I’m sure a few Hollywood agents are already wrangling over the rights to this one. It’s got everything needed for a blockbuster movie script: a crowd of innocent kids, some seriously mortal danger, plus a big fat happy ending. The scary part of the tale concerns the fate of the Canadian school ship Concordia, a 188-foot square-rigger with 48 high-school students aboard, that sank in a matter of minutes last Wednesday after being struck by a savage microburst 300 miles off the coast of Brazil. The miraculous part of the story is that everyone aboard–all the students, plus 16 other crew–escaped alive and was brought safely to shore.
Smack dab in the middle of this drama we find one huge unanswered question: why did it take Brazilian authorities over 24 hours to respond to Concordia‘s distress signal???
According to a timeline published yesterday by the Calgary Herald, Concordia‘s EPIRB was ignited as the vessel sank at 2:30 pm on the afternoon of Wednesday Feb. 17. The Brazilian navy claims it received no notice of the alert until 9 pm that evening. The navy then evidently spent much time twiddling its thumbs, trying to figure out what vessel transmitted the signal and whether it was really in distress. Attempts were allegedly made to contact Concordia via radio and e-mail; other vessels and aircraft in the area were contacted and were asked to report if they had seen anything unusual. According to a report filed by the Associated Press, it wasn’t until 10 am Thursday morning that naval authorities contacted West College International in Lunenburg, Nova Scotia, which runs Concordia‘s Class Afloat program, to enquire as to the vessel’s status. Not until 2:30 pm that afternoon did the navy ask the Brazilian air force launch a search for the vessel, and evidently a search plane didn’t take off until 5 pm. Fortunately, once in the air, it took the plane only three hours to locate the survivors.
Fortunately, too, abandon-ship drills were routinely conducted aboard Concordia, and everyone knew exactly what to do when the excrement hit the fan. According to Capt. William Curry and others onboard the microburst took only a few seconds to capsize the ship, which was reefed down in anticipation of heavy weather, and then the ship sank in less than 30 minutes. “We followed orders, helped each other, lifting each other’s feet out, and then finally we got out the starboard side,” recounted one 16-year-old survivor. The survivors spent 30 hours in liferafts before being spotted by the Brazilian search plane, during which time they had no idea whether a distress signal had been successfully transmitted. About 10 hours later they were taken off the rafts by merchant vessels dispatched to the scene by Brazilian authorities.

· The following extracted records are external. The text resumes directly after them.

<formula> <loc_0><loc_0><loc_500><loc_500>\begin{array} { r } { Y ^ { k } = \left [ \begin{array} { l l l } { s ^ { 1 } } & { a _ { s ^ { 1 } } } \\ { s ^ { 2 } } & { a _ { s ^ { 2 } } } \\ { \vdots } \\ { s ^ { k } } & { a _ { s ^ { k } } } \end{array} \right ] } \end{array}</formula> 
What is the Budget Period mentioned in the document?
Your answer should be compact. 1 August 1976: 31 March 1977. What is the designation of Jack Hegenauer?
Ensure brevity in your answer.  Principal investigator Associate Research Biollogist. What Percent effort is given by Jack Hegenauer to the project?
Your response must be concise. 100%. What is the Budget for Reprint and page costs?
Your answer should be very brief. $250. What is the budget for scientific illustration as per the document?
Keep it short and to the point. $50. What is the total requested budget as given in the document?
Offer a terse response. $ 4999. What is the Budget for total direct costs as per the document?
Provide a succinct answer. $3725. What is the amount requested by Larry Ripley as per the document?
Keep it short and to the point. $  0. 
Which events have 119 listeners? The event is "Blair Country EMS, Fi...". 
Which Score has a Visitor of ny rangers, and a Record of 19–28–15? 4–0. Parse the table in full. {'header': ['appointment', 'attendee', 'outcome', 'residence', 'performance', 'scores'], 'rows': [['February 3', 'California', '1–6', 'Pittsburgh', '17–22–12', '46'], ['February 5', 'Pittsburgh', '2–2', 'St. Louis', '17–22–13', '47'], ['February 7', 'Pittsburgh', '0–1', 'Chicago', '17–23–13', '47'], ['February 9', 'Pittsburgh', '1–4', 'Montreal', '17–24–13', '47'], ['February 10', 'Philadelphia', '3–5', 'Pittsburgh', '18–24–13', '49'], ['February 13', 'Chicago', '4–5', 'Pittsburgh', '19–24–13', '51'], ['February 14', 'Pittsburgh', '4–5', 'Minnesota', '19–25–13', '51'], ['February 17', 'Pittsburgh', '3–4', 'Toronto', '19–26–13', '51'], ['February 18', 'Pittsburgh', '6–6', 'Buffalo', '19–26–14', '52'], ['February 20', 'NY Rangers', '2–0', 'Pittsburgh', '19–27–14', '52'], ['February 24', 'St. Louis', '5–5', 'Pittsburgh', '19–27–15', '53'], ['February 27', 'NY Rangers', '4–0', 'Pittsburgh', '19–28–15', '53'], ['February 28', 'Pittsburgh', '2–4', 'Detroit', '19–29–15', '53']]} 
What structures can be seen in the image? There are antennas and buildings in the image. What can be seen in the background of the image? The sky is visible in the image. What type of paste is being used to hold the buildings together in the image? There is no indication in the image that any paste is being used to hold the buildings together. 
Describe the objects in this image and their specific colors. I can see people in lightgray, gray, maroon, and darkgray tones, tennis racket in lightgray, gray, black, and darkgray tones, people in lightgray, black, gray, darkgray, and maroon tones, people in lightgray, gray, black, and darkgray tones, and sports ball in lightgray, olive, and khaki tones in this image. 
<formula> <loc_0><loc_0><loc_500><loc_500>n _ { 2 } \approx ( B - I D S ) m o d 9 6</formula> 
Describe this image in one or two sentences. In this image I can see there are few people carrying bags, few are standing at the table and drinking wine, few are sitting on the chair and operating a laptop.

Aficionados of maritime disasters will recall this is not the first time a school ship packed with students has been lost at sea. Back in 1961, the school ship Albatross, owned by Christopher and Alice Sheldon, who ran a program called Ocean Academy, was suddenly overwhelmed in a squall in the Gulf of Mexico about 180 miles west of Key West. Of the 21 people aboard, six were lost, including Alice Sheldon and four students. The tragedy was revisited in the 1996 Hollywood film White Squall, starring Jeff Bridges, and was later dissected in great detail in Daniel S. Parrott’s authoritative book Tall Ships Down (International Marine/McGraw Hill, 2003), a scholarly study of five different modern-day disasters involving large square-rigged vessels.
Unlike Concordia, which was designed and built in 1992 specifically for use as a school ship, Albatross was a seaworthy Dutch pilot schooner when first launched in 1921, but subsequently suffered several modifications that degraded her stability. The most significant of these was the conversion to a square rig, undertaken by author Ernest K. Gann in 1955. Ultimately, the loss of the Albatross helped inspire the adoption of the Sailing School Vessels Act, which regulates the construction and operation of school ships in the United States. So far there is no suggestion that Concordia‘s fate was due to any flaw on her part, but the Brazilian navy, as Ricky Ricardo so often put it, does have a lot of ‘splaining to do. An investigation of the incident is reportedly underway.